Local spectroscopy of a gate-switchable moire quantum anomalous Hall insulator

In recent years, correlated insulating states, unconventional superconductivity, and topologically non-trivial phases have all been observed in several moire heterostructures. However, understanding of the physical mechanisms behind these phenomena is hampered by the lack of local electronic structure data. Here, we use scanning tunnelling microscopy and spectroscopy to demonstrate how the interplay between correlation, topology, and local atomic structure determines the behaviour of electron-doped twisted monolayer-bilayer graphene. Through gate- and magnetic field-dependent measurements, we observe local spectroscopic signatures indicating a quantum anomalous Hall insulating state with a total Chern number of & PLUSMN;2 at a doping level of three electrons per moire unit cell. We show that the sign of the Chern number and associated magnetism can be electrostatically switched only over a limited range of twist angle and sample hetero-strain values. This results from a competition between the orbital magnetization of filled bulk bands and chiral edge states, which is sensitive to strain-induced distortions in the moire superlattice.
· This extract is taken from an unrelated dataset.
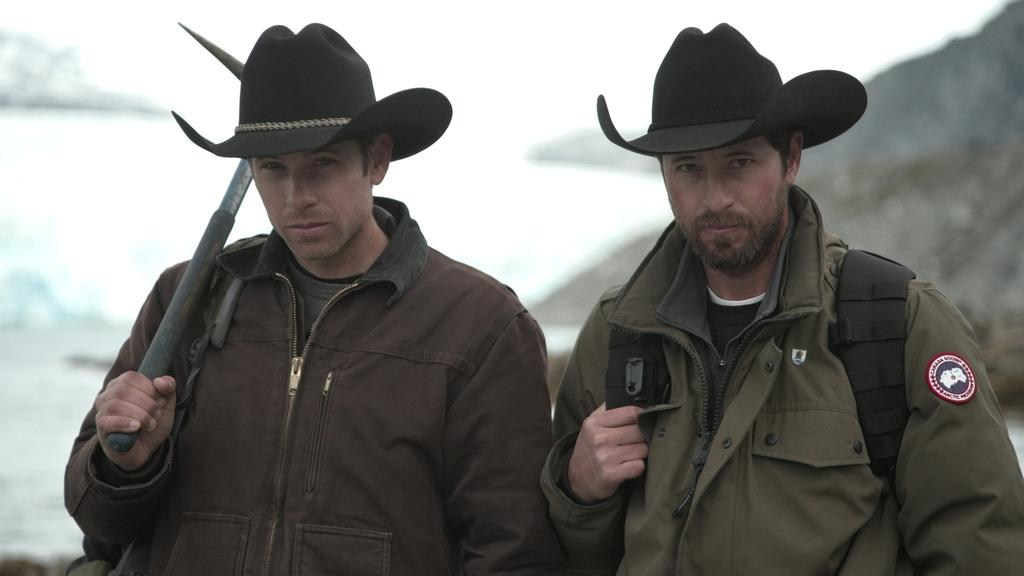How many people are in the image? There are two people in the image. What are the people wearing on their heads? Both people are wearing hats. What is one person holding in the image? One person is holding an ax. What is the other person wearing besides the hat? The other person is wearing a bag. What type of environment is depicted in the image? There is water and rocks visible in the image, suggesting a natural setting. Can you see any zebras grazing on the stem of a plant in the image? There are no zebras or plants with stems present in the image. What type of meat is being prepared by the person holding the ax in the image? There is no meat visible in the image, nor is there any indication that the person holding the ax is preparing meat.

Twisted moire heterostructures offer a highly tunable solid-state platform for exploring fundamental condensed matter physics. Here, the authors use scanning tunnelling microscopy to investigate the local electronic structure of the gate-controlled quantum anomalous Hall insulator state in twisted monolayer-bilayer graphene.

Automated summary

In recent years, various phenomena such as correlated insulating states, unconventional superconductivity, and topologically non-trivial phases have been observed in moire heterostructures. However, the lack of local electronic structure data has hindered the understanding of the underlying physical mechanisms. In this study, scanning tunnelling microscopy and spectroscopy are used to investigate the behaviour of electron-doped twisted monolayer-bilayer graphene, revealing the interplay between correlation, topology, and local atomic structure. The results provide insights into the gate-controlled quantum anomalous Hall insulator state in twisted moire heterostructures.